However, we note that in these models, the flux loss due to magnetic buoyancy is ignored (Sect. 6.3). The flux loss tries to keep the magnetic field around the equipartition value. In that case, the toroidal flux tube will not have much different field strength from one another and the delay times will not be very different. Hence, if the flux loss due to magnetic buoyancy is incorporated in these models then we do not expect much modulation in the cycle.
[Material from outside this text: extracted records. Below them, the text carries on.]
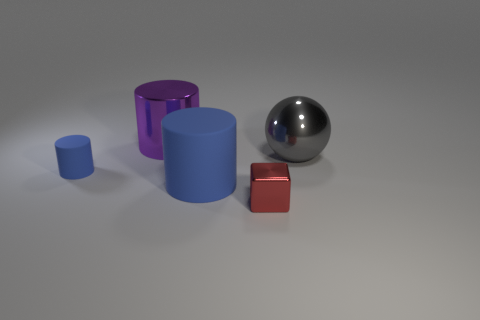Add 2 small brown spheres. How many objects exist? 7 Subtract all spheres. How many objects are left? 4 Add 5 metal objects. How many metal objects exist? 8 Subtract 0 green blocks. How many objects are left? 5 Subtract all small blue rubber objects. Subtract all blue shiny blocks. How many objects are left? 4 Add 2 large purple shiny cylinders. How many large purple shiny cylinders are left? 3 
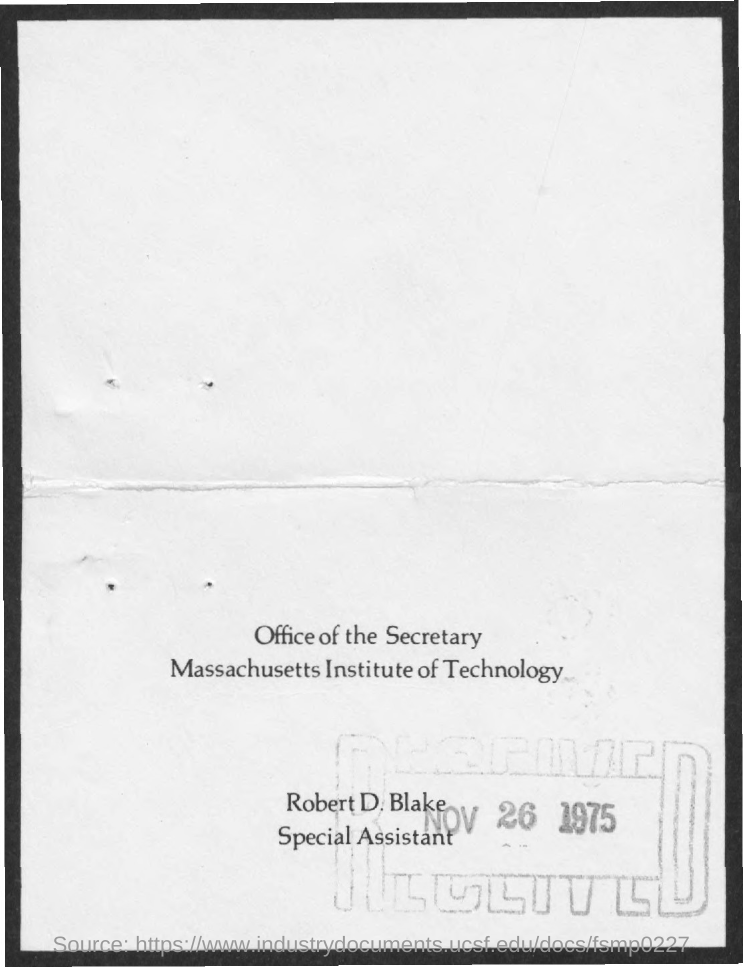Highlight a few significant elements in this photo. The Massachusetts Institute of Technology is named. Robert D. Blake is designated as a special assistant. The received date mentioned is November 26, 1975. 
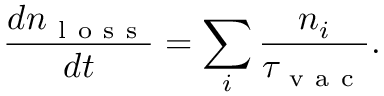<formula> <loc_0><loc_0><loc_500><loc_500>\frac { d n _ { l o s s } } { d t } = \sum _ { i } \frac { n _ { i } } { \tau _ { v a c } } .</formula> 
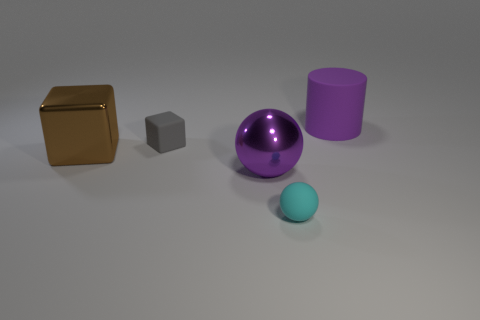Are there any patterns or textures visible on the objects? The objects appear to have smooth surfaces without any distinct patterns or textures. 
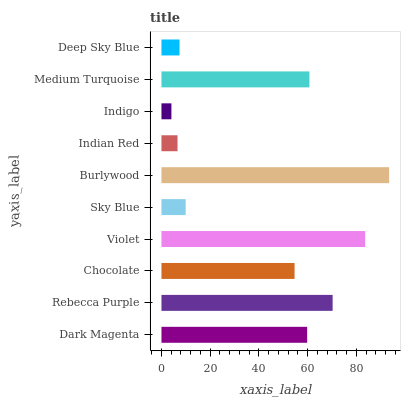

Biswas et al. (2022) included flux loss due to magnetic buoyancy in the dynamo model with local \(\alpha \) prescription and they did not find noticeable modulation in the cycle due to field-dependent delay with respect to the case without delay.

7 MHD simulations for long-term cycle variabilities

In the MHD simulations one needs to solve the following continuity equation for the mass and the energy equation in addition to Eqs. (1) and (2).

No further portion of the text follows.